Functional interfaces

In Java everything that is not a primitive is an object. OK, but what about functions? Introducing a support for functional programming in Java 8 led to the need of give an answer to this question, and the designers decided to use the ad-hoc solution of functional interfaces.

A functional interface is a Java interface that has only one abstract method. It is a good idea to annotate it as FunctionalInterface so that it's clear what it is mean for, and let the compiler to check if it is alright. However it is not mandatory.

We can define and use any interface we like for use it in this way, but we should save to ourselves, and to our code clients, some pain using when possible the standard one, define in the java.util.function package.

Let's see a few examples.

Predicate

The predicate functional interface is defined as:
@FunctionalInterface
public interface Predicate<T> {
    boolean test(T t);

    // ...
}
I can use it if I have to write a method filter() that gets in input a list of data and filter them accordingly some requirements decided by the user.
public static <T> List<T> filter(List<T> data, Predicate<T> p) { // 1
    List<T> results = new ArrayList<>();
    for (T t: data) { // 2
        if (p.test(t)) {
            results.add(t);
        }
    }
    return results;
}
1. It takes as input a list of T and a predicate on T.
2. For each element in the list, if it pass the test defined by the caller, I add it to the list I return.

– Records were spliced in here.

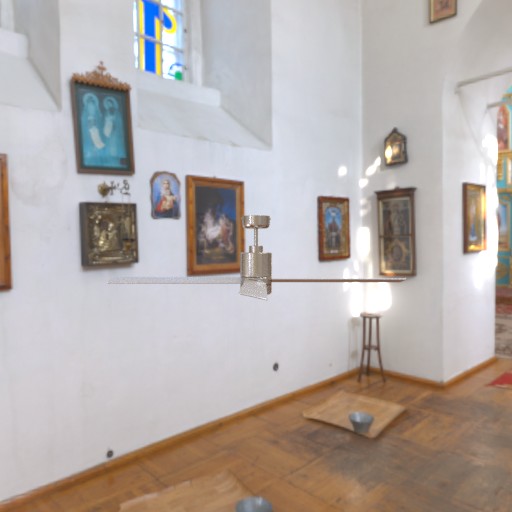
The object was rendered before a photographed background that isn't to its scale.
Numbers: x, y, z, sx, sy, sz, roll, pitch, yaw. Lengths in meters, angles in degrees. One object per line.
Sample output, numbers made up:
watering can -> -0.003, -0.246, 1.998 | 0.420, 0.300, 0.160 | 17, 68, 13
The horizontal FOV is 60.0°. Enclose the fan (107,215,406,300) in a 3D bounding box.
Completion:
fan -> 0.000, 0.000, 1.983 | 1.322, 0.355, 1.322 | 0, 1, 1
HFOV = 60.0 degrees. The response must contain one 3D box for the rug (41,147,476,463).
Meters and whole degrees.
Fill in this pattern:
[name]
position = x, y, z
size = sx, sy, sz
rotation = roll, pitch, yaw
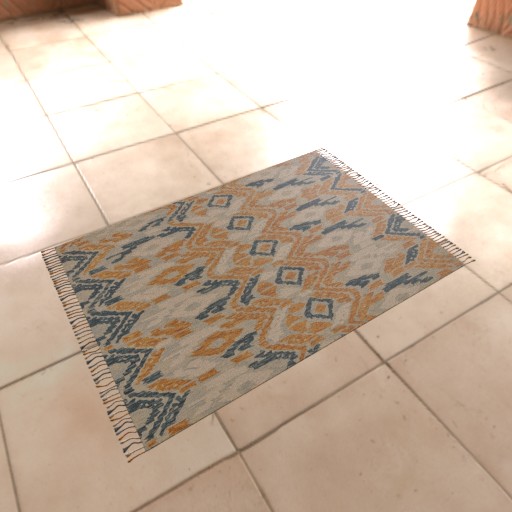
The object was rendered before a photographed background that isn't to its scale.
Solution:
[rug]
position = 0.000, 0.000, 2.233
size = 1.827, 0.008, 1.230
rotation = -24, 51, -22
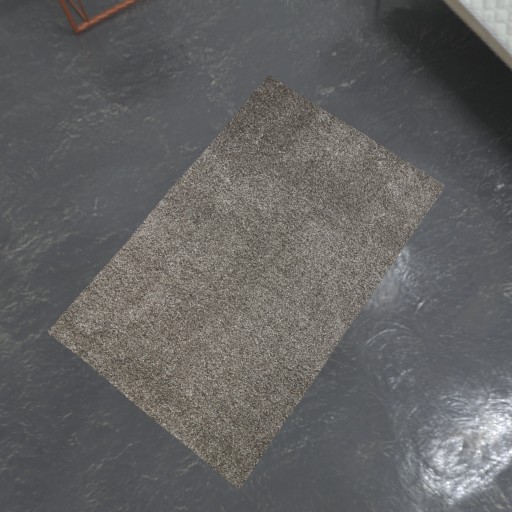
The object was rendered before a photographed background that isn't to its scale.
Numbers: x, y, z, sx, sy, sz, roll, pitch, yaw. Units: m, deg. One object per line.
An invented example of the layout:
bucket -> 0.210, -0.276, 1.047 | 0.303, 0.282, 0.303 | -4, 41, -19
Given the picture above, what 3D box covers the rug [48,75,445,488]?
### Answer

Here is a piece of code that uses the filter() method:
List<String> result = FunctionalInterfaces.filter(Arrays.asList("", "x", ""), (s) -> !s.isEmpty());
I create a list of strings and I pass it to filter() alongside a lambda function, that has to match with the expected Predicate, so the lambada input has to be a String - I could state it explicitly, but I can also leave it implicit - and it should return a boolean.
The result is a list containing just one string, namely "x".

Consumer

It is defined as:
@FunctionalInterface
public interface Consumer<T> {
    void accept(T t);

    // ...
}

Here I use it in a forEach() method that let the user specify what it should do with each element of a List:
public static <T> void forEach(List<T> data, Consumer<T> c) {
    for(T t: data) {
        c.accept(t);
    }
}
I use this forEach() to keep calculate the length of all the strings in a list:
List<String> data = Arrays.asList("Functional", "Interfaces", "in", "Java 8");
consumed = 0;
FunctionalInterfaces.forEach(data, (s) -> consumed += s.length());
assertThat(consumed, is(28));
Again, note that here the type of the lambda parameter s is inferred from T, type of the list passed to forEach() and used to determine the actual Consumer functional interface to which the lambda should refer to.
Interesting to note how the consumed variable is captured by the lambda without the need of any explicit action by programmer. This mechanism works fine only for non-local variables. Local variables can be captured only if final (at least effectively so).

Function
@FunctionalInterface
public interface Function<T, R> {
    R apply(T t);

    // ...
}

This map() method maps objects of a given type to another one, delegating to the caller the job of specifying how to do the conversion.
public static <T, R> List<R> map(List<T> data, Function<T, R> f) {
    List<R> result = new ArrayList<>();
    for(T t: data) {
        result.add(f.apply(t));
    }
    return result;
}

I use it here to convert a list of strings in a list of integers:
List<String> data = Arrays.asList("Functional", "Interfaces", "in", "Java 8");
List<Integer> result = FunctionalInterfaces.map(data, (s) -> s.length());
The compiler does a lot of job for us here. Since map() is templatized by T, the template type of the input list, and R, from the returned list, it figures out that s, passed to the lambda, is a String, so it should return an object of the class returned by the String method lenght(), that is an int, boxed to Integer.

IntBinaryOperator
@FunctionalInterface
public interface IntBinaryOperator {
    int applyAsInt(int left, int right);
}
In the example for Function, boxing the integers was an expected behavior. We need them as objects since we want them in a collection.
Other times, boxing and unboxing could be just a useless cost that we could avoid using a special functional interface like this one, that works with lambdas working on primitives.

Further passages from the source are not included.